If only x2 is included in the model, we will find that x2 and y are positively correlated, and the regression coefficient is particularly large. Obviously there is a problem, because according to our setting, the partial regression coefficient should be -1. Let’s make a graph and observe.

dat = data.frame(y = y, x1 = x1, x2 = x2)
ggplot(dat, aes(y = y, x = x2, colour = x1))+
  geom_smooth(method = lm, se = FALSE, colour = "black")+
  geom_point(size = 4)
## `geom_smooth()` using formula 'y ~ x'

The x-axis is x2, and the y-axis is y.
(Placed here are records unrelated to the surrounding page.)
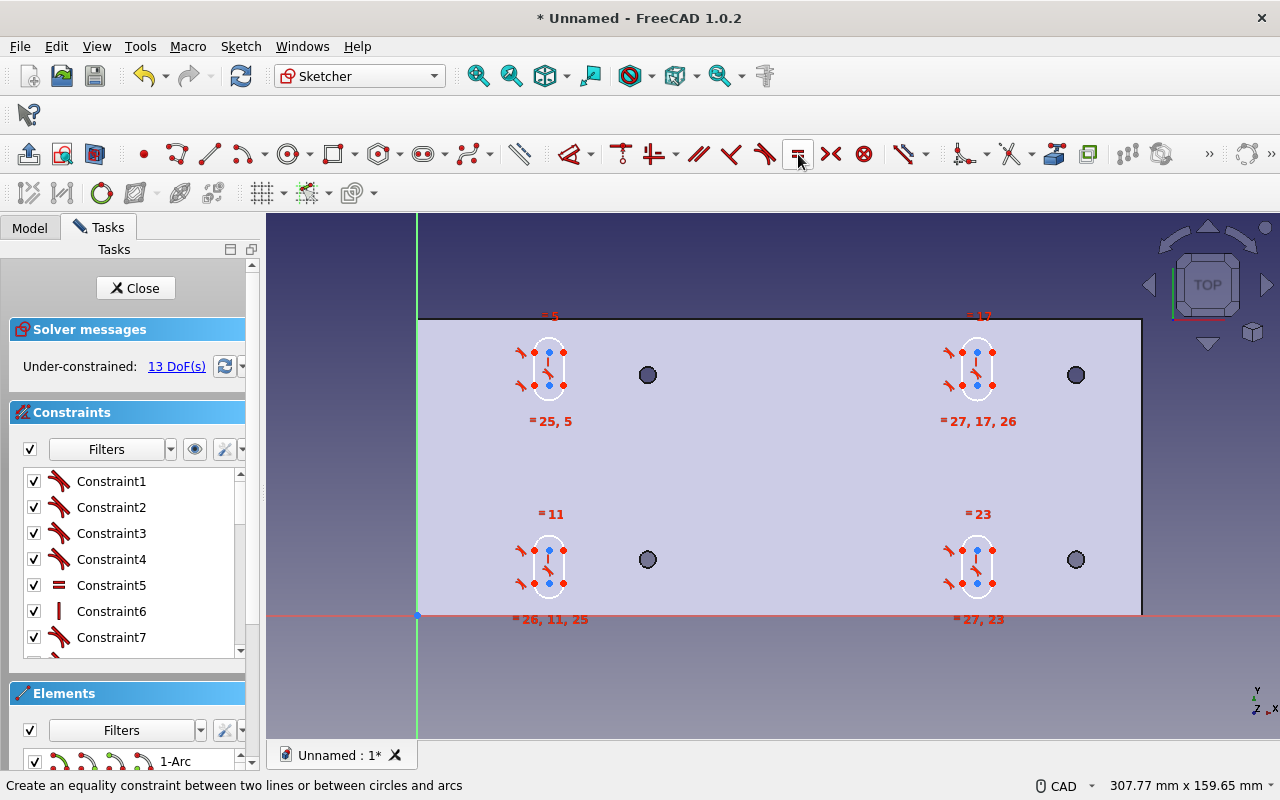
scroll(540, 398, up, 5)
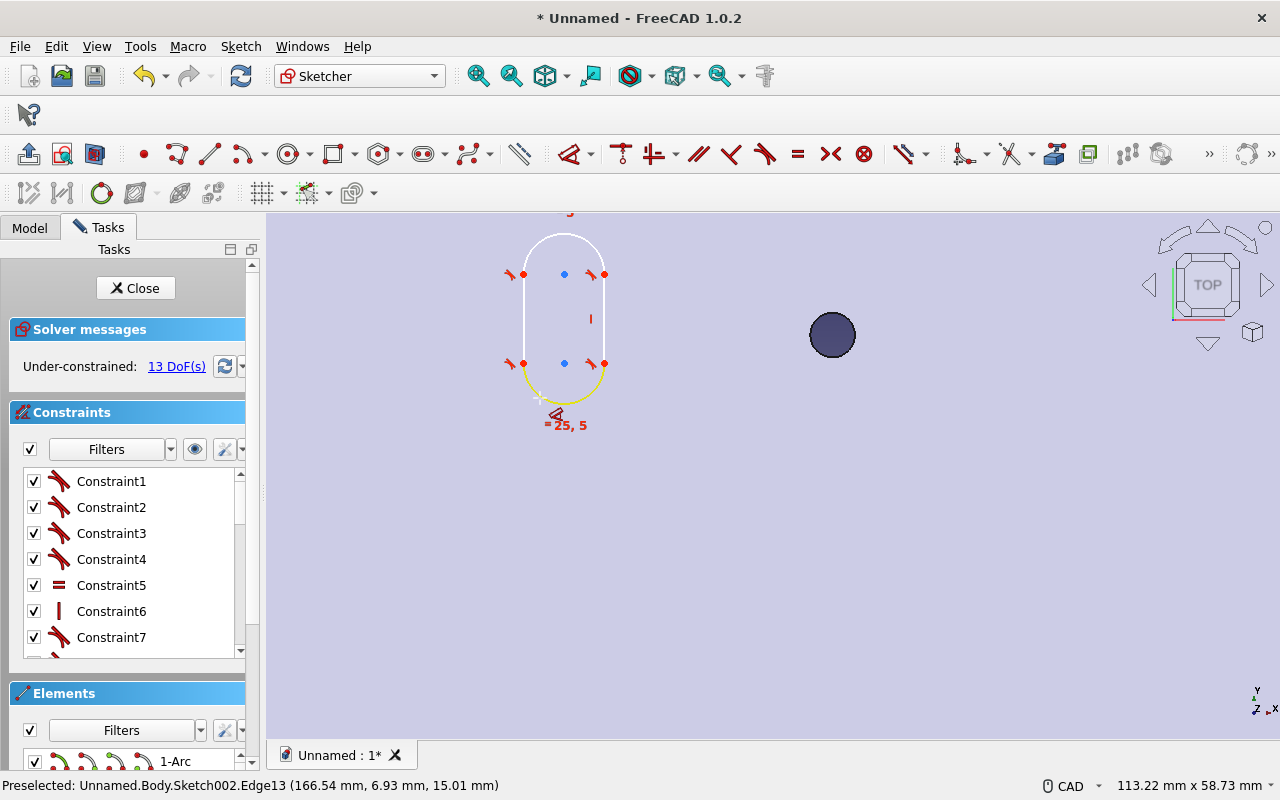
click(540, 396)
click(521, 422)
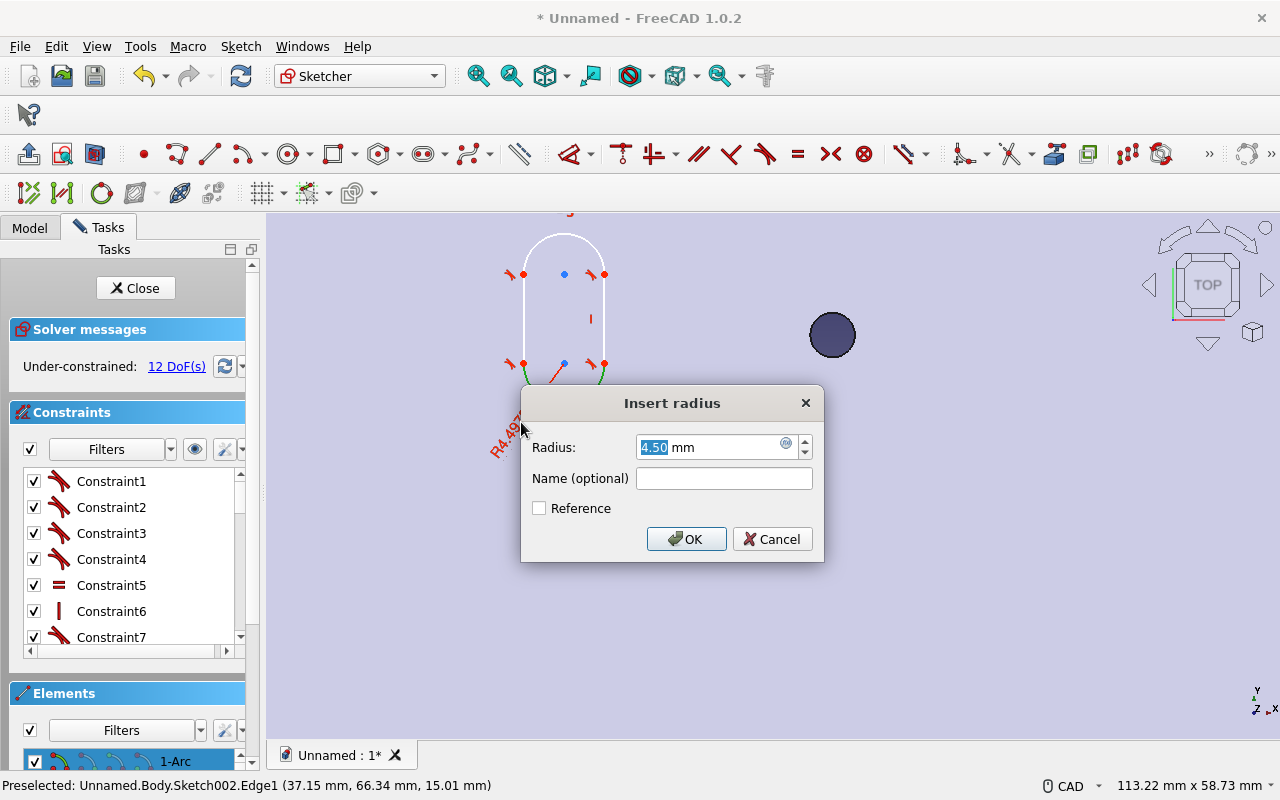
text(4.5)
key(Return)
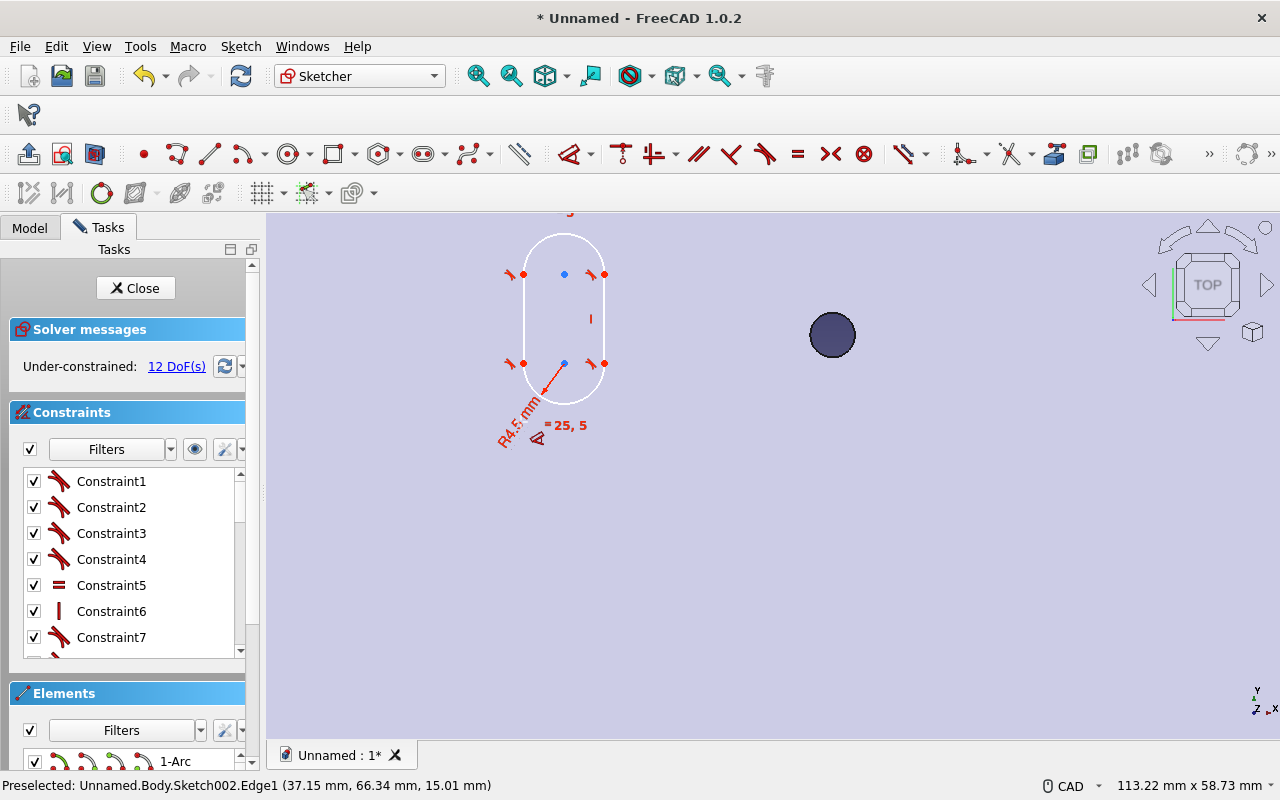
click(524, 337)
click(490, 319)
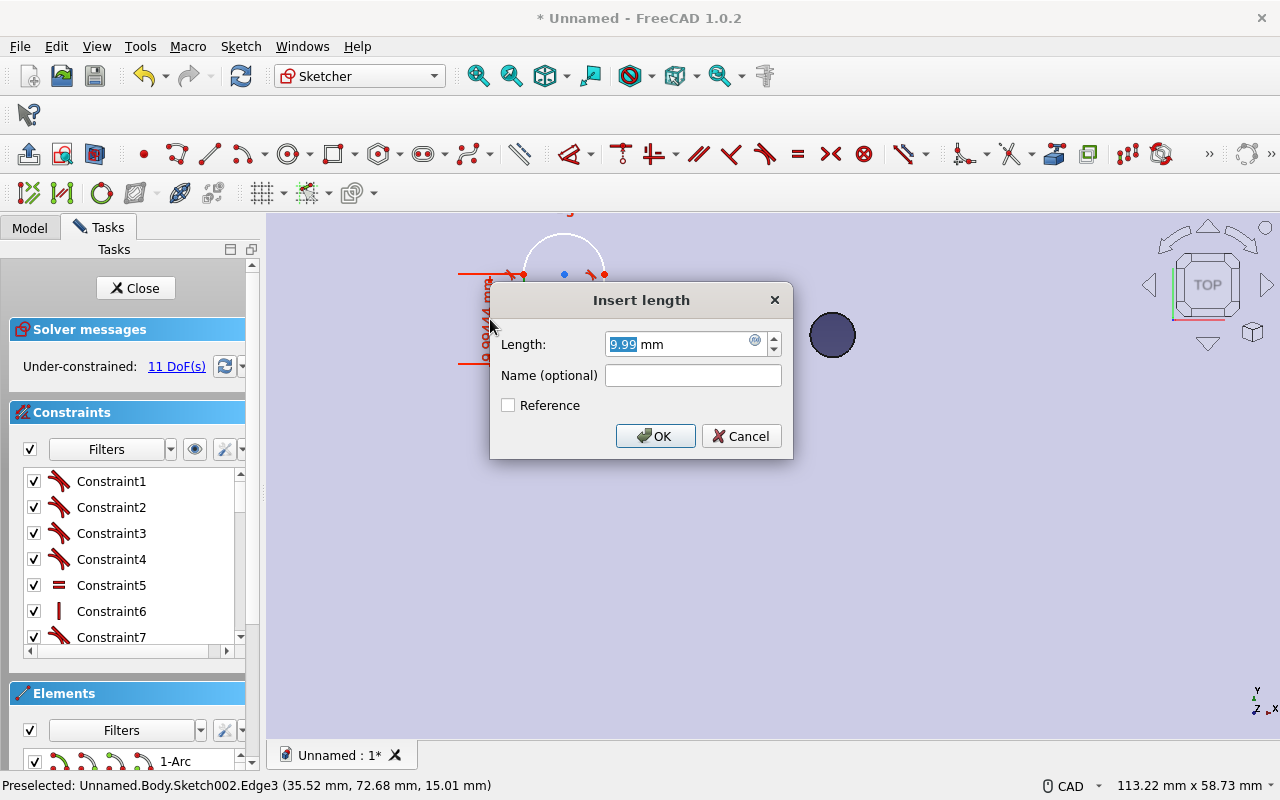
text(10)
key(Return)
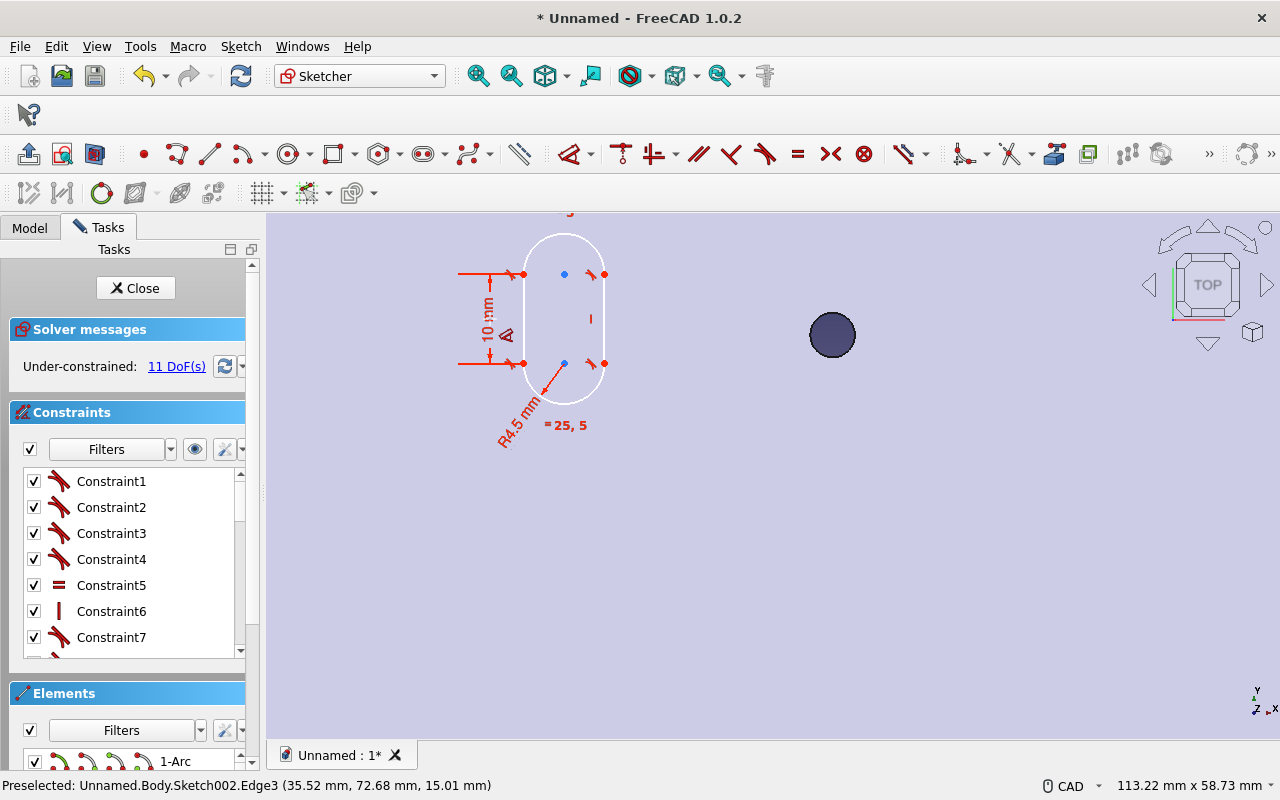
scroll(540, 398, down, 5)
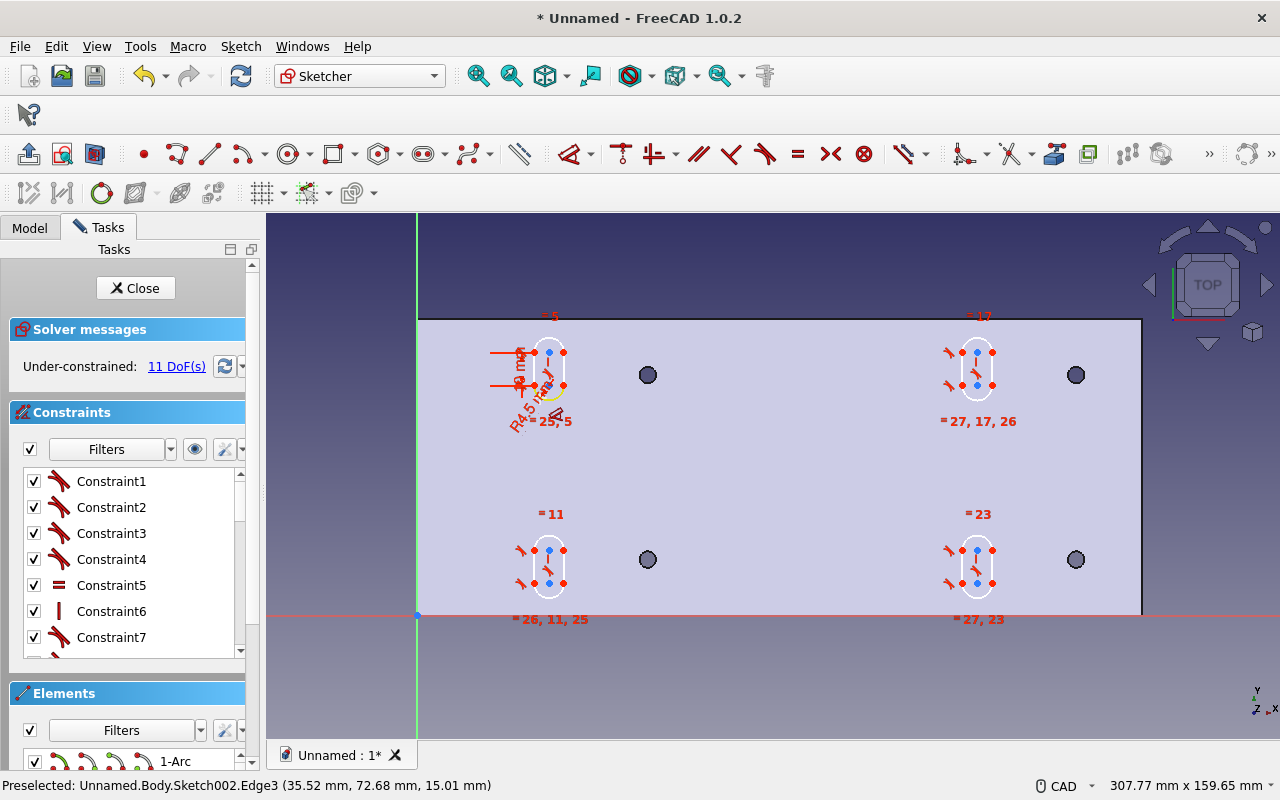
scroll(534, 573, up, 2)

It seems that the two do show a positive correlation. The color of the point represents the size of x1. The larger x1 is, the lighter the color. We found that as x2 increases, x1 also increase.Is there any connection to the increasing trend? So when we included x1 and x2 into the model at the same time, we found that:

summary(lm(y ~ x1 + x2))$coef
##                 Estimate   Std. Error      t value      Pr(>|t|)
## (Intercept) -0.001093745 0.0018039289   -0.6063128  5.457234e-01
## x1           0.999910432 0.0001562869 6397.9148255 1.202499e-274
## x2          -0.989286381 0.0149248177  -66.2846541  1.359839e-82

Now it’s normal. Because of the random disturbance, it’s not equal to 1, but it’s very close. According to the proof at the beginning, the residual error is used for mapping, after correcting the influence of x1 on x2.

dat2 = data.frame(y = y, x1 = x1, x2 = x2,ey = resid(lm(y~x1)),ex2 = resid(lm(x2~x1)))
ggplot(dat2, aes(y = ey, x = ex2, colour = x1))+
  geom_smooth(method = lm, se = FALSE, colour = "black")+
  geom_point(size = 4) 
## `geom_smooth()` using formula 'y ~ x'

The two are negatively correlated, and the partial regression coefficient is approximately equal to 1, so happiness comes from earning money (x1), spending money (x2) will not bring happiness. On the surface, it seems that the happiness obtained by spending money is actually due to making money. When you spend more money, you have more happiness, and the happiness brought by making money is greater than the unhappiness brought about by spending money. This process is called adjustment.